What are the rules here? Spring & Fall only? I have a bad mix of crabgrass, clovers, dandelions ect. I did some power raking with a steel rake then did the weed & feed. Timing was good with rain and everything. Killed the dandelions and some crabgrass. Wondering if I should hit it again or even throw some seed in arear that the rake pulled out.


----------



## overanalyze

Use Scott's! Early spring use the turf builder with Halts. Early and late summer use regular turf builder (if it's not to dry), then mid to late fall hit it with the winterizer. The best weed protection is a healthy lawn. Thick grass will actually snuff out weeds! Also when you cut your grass, try not to take more than a third of the height off at once. Do not bag. The tips of the grass have nitrogen in them which promotes a green lawn.


----------



## ohiohomedoctor

overanalyze said:


> Use Scott's!

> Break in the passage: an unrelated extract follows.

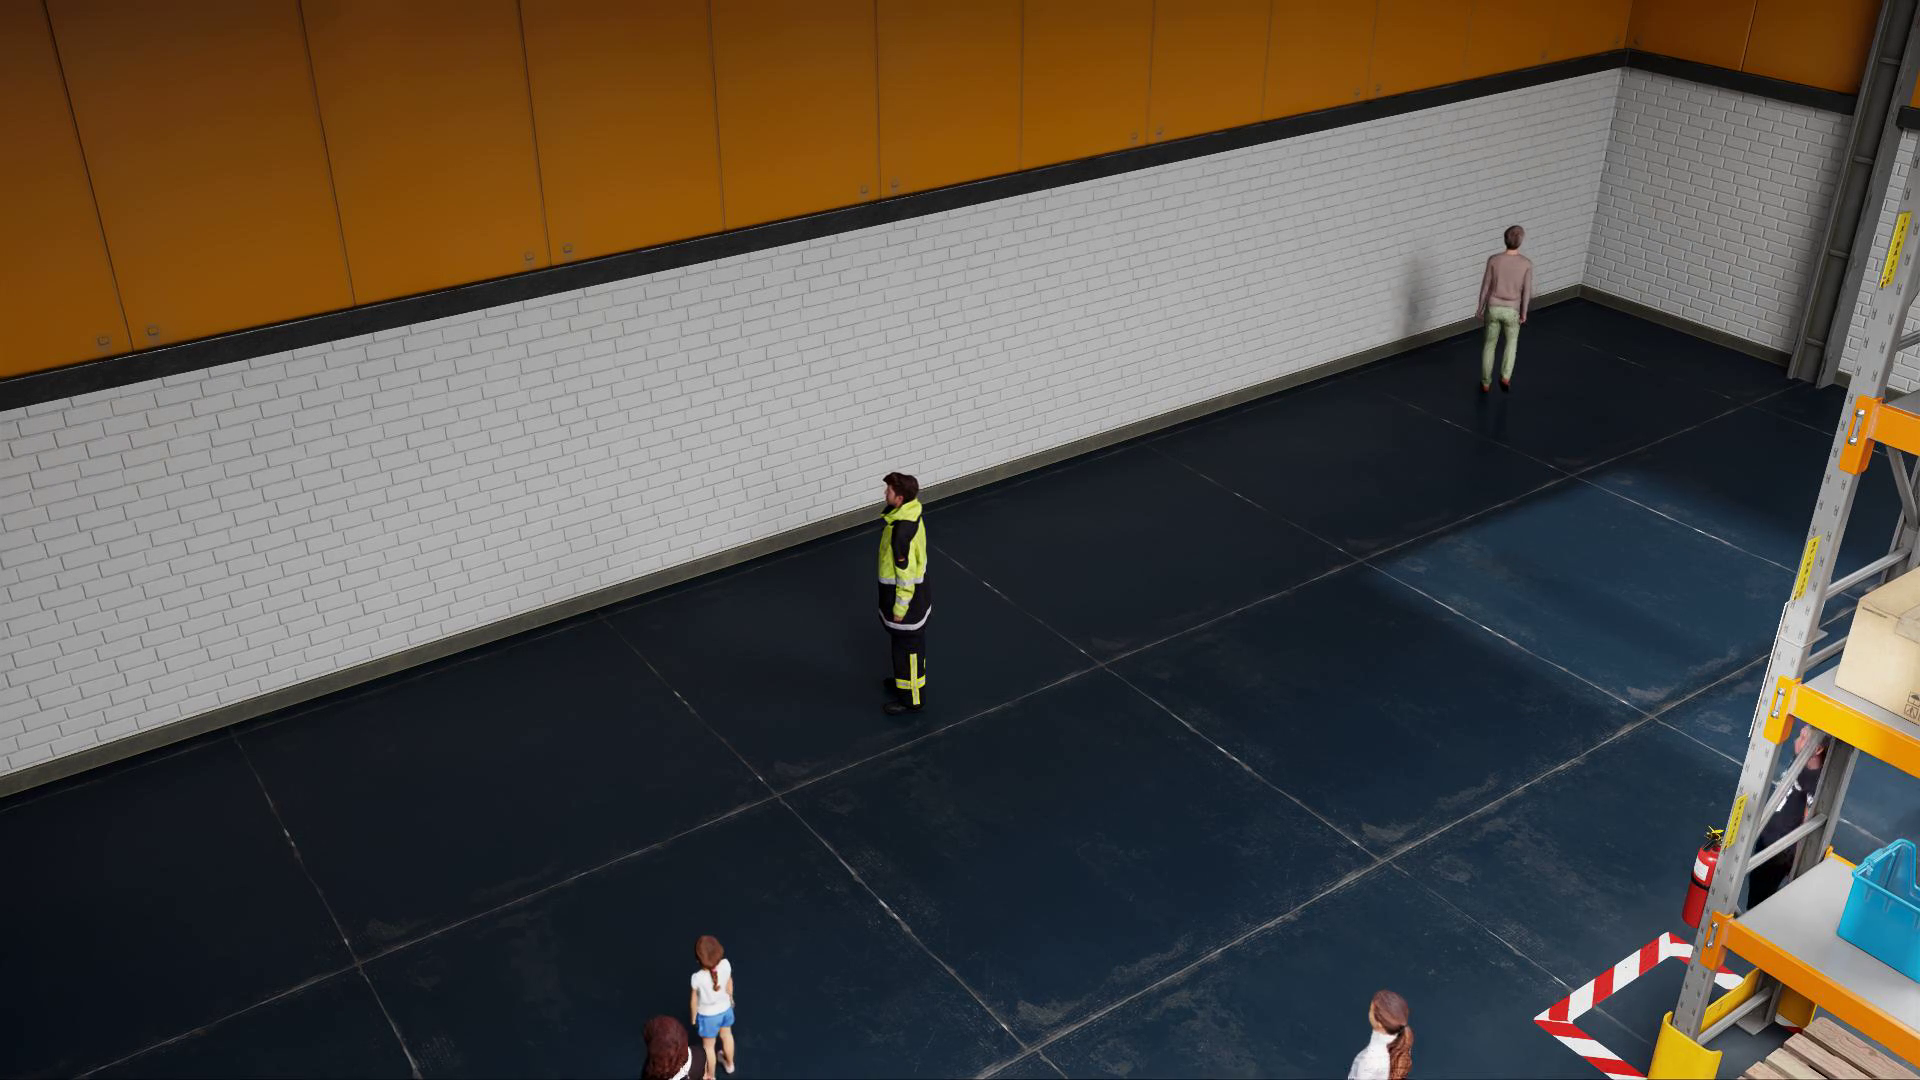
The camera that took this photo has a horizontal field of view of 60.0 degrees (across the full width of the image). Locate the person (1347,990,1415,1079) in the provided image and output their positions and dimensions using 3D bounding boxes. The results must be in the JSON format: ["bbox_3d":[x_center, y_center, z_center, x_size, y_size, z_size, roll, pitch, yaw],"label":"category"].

Early spring use the turf builder with Halts. Early and late summer use regular turf builder (if it's not to dry), then mid to late fall hit it with the winterizer. The best weed protection is a healthy lawn. Thick grass will actually snuff out weeds! Also when you cut your grass, try not to take more than a third of the height off at once. Do not bag. The tips of the grass have nitrogen in them which promotes a green lawn.


Nice! That's solid advice. I'm going to be trying it.


----------



## loneframer

Pre-emergents in the early Spring for Crabgrass. Systemic herbicides for broadleaf weeds as needed.

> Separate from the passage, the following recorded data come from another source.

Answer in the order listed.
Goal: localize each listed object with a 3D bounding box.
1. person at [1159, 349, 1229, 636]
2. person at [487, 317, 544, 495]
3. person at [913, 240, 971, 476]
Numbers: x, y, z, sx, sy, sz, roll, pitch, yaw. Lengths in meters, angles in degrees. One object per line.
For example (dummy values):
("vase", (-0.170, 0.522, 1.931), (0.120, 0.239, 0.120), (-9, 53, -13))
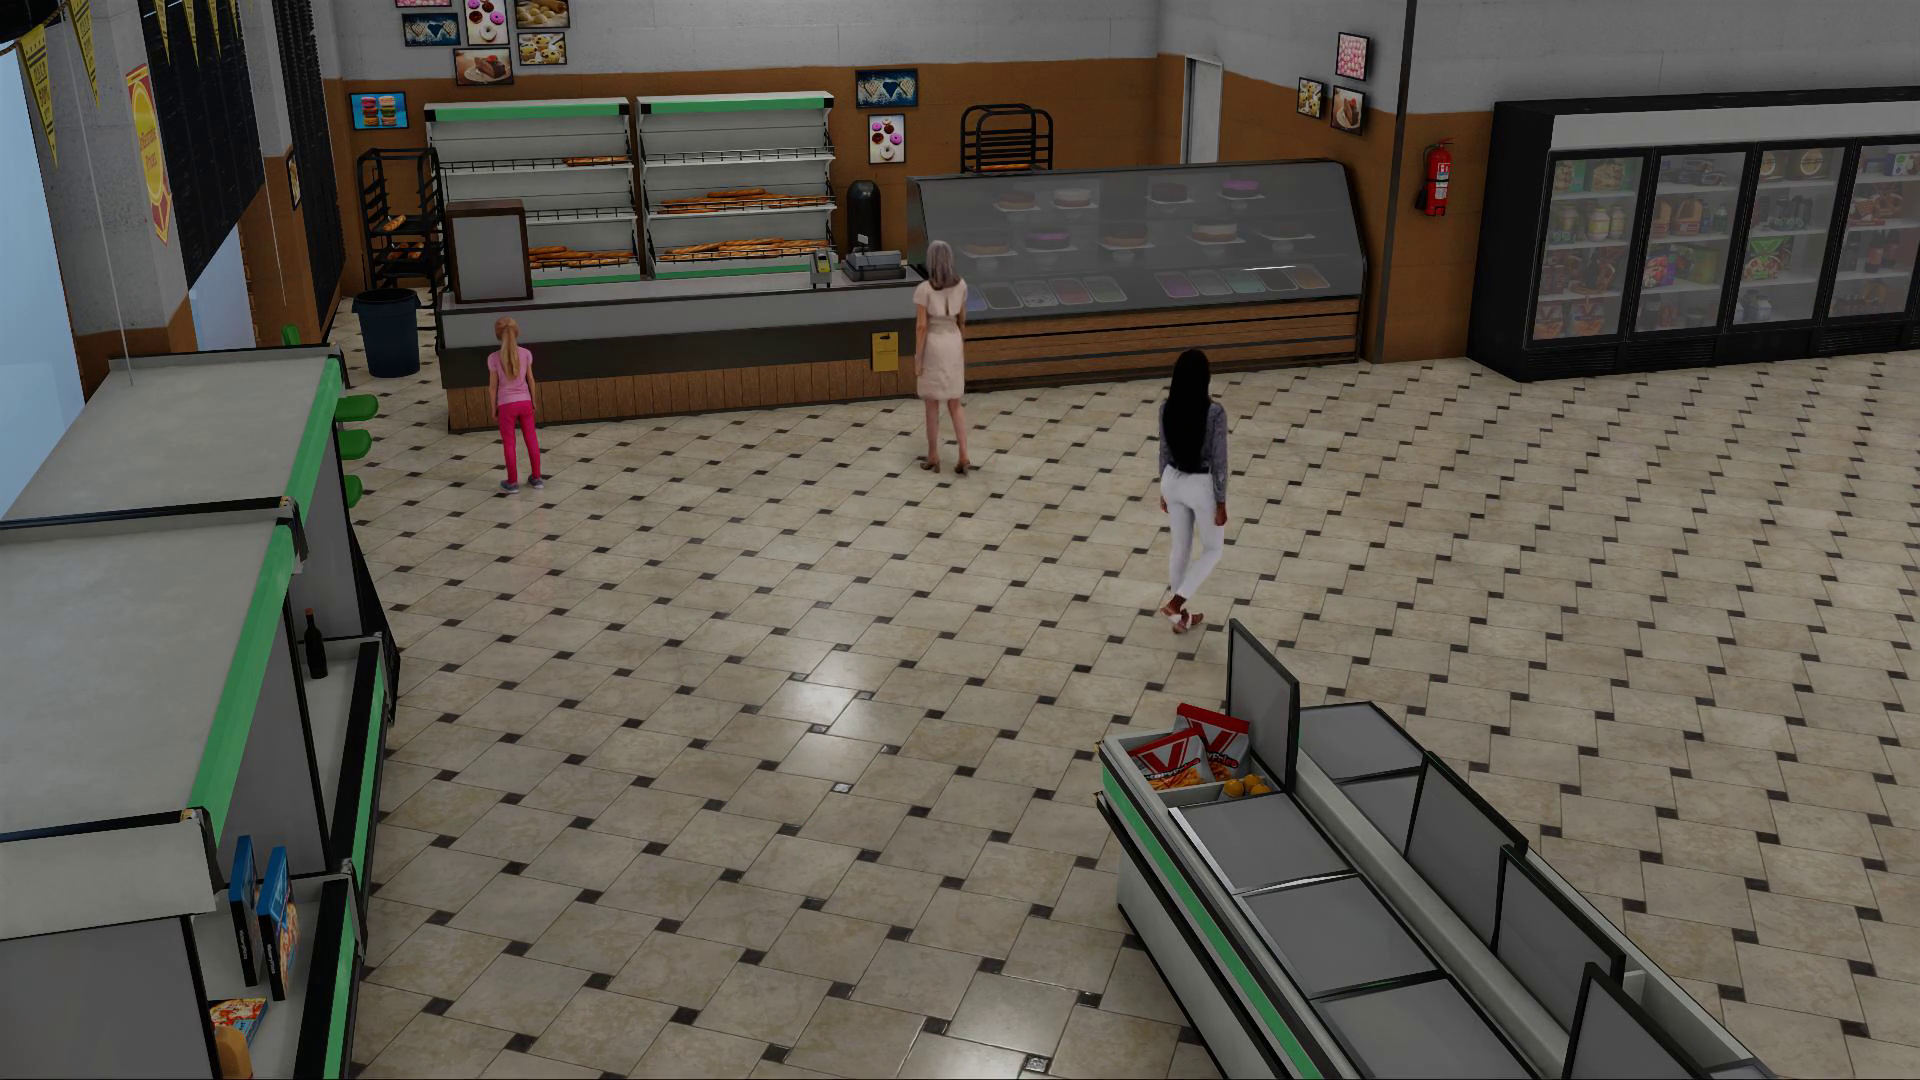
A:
("person", (1.271, -0.221, 9.416), (0.861, 1.715, 0.898), (17, 28, 37))
("person", (-3.180, -0.973, 11.886), (0.526, 1.269, 0.546), (-12, 25, -28))
("person", (-0.113, -1.309, 12.095), (0.681, 1.737, 0.745), (-12, 25, -27))

I put down Scott's step 1 as soon as the Forsythia's bloom in early Spring. Broadleaf weeds get spot treated with Ortho Weed 'N' Feed as needed until 5-6 weeks after the initial Scott's application, then Step 2 goes down on wet lawn. The product needs to stick to weed leaves to be fully effective.

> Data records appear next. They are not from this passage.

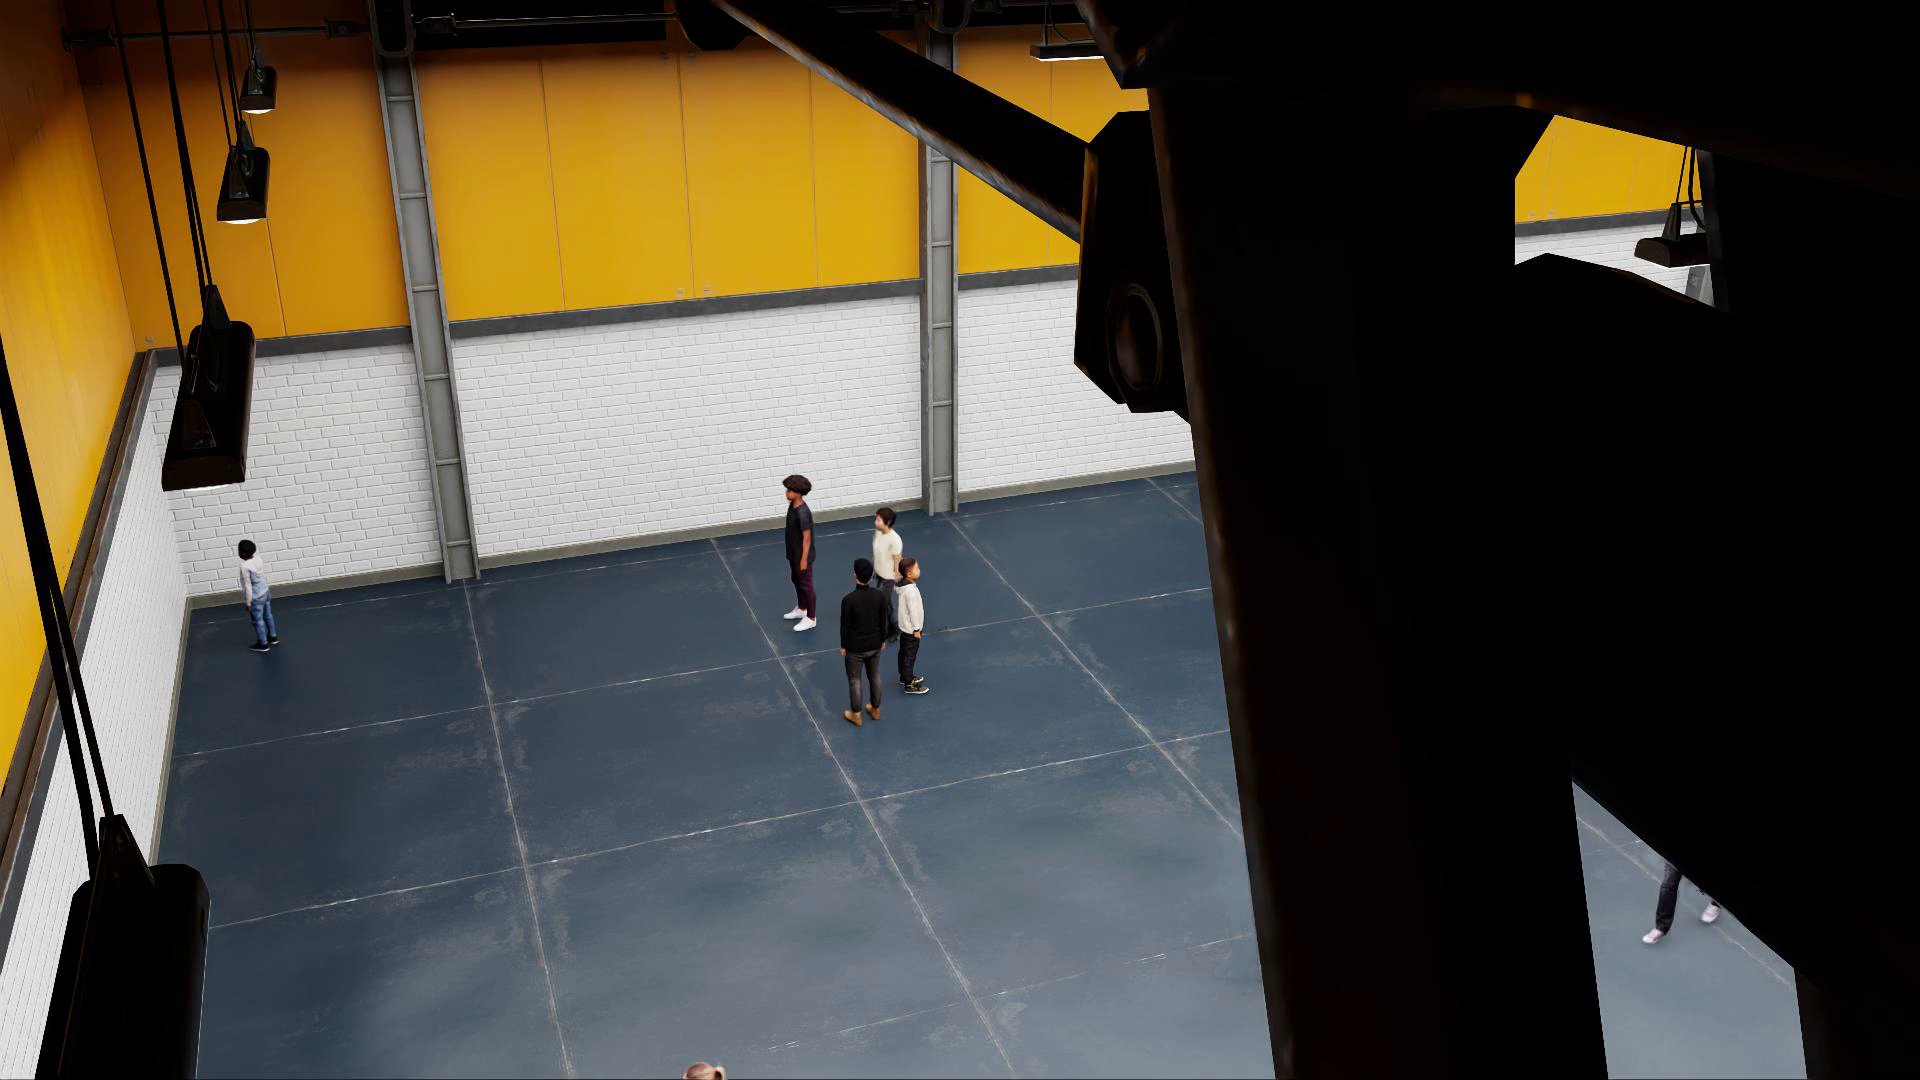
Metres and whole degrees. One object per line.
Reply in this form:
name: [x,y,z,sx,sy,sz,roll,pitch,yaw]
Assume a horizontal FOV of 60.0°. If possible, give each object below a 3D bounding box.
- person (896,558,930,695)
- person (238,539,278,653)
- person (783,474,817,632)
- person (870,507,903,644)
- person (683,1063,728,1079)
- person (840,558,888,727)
person: [-0.519,0.853,16.919,0.553,1.455,0.598,-5,24,-12]
person: [-7.535,0.577,17.794,0.610,1.260,0.567,6,24,13]
person: [-1.745,0.109,18.212,0.548,1.784,0.619,-9,25,-20]
person: [-0.724,0.371,17.870,0.605,1.577,0.624,-12,26,-25]
person: [-1.482,3.788,9.894,0.558,1.704,0.607,-14,27,-28]
person: [-0.948,0.989,16.277,0.525,1.720,0.735,-13,27,-27]

I have mostly cool season grasses, so Summer feeding is very light, with an insect control.

I finish the season with a heavy Fall feeding and once the weather gets cooler core aeration, liming and overseading.

Finally, a Winter feeding to help the grass store energy for an early greenup in the Spring.

The pale green grass along the driveway is annual Bluegrass....and my thorn in the side. Having a tough time getting rid of it.


----------



## Tom M

Looks good Lone.


----------



## overanalyze

Nice yard Lone! And always edge sidewalks and concrete drives!


----------



## EMINNYS

All of the above is the same formula I am using....


----------



## overanalyze

EMINNYS said:


> All of the above is the same formula I am using....


Wow!! Great property!! I love green fluffy grass!


----------



## EMINNYS

overanalyze said:


> Wow!! Great property!! I love green fluffy grass!


Thanks,
You should see the front yard!!


----------



## hdavis

What to use and when depends on your location and the type of grass you grow. Same weather, same grass, use the same treatment that works for others.


----------



## Blade Runners

For crabgrass, clovers, and dandelions look for weed and feed products that contain Mesotrione. Wonderful stuff! It is both pre and post emergent so it will prevent weed seed germination as well as kill existing weeds.

Clover is tough because it has a waxy surface. Usually a surficant is added to make the herbacide stick when trying to kill clovers.


----------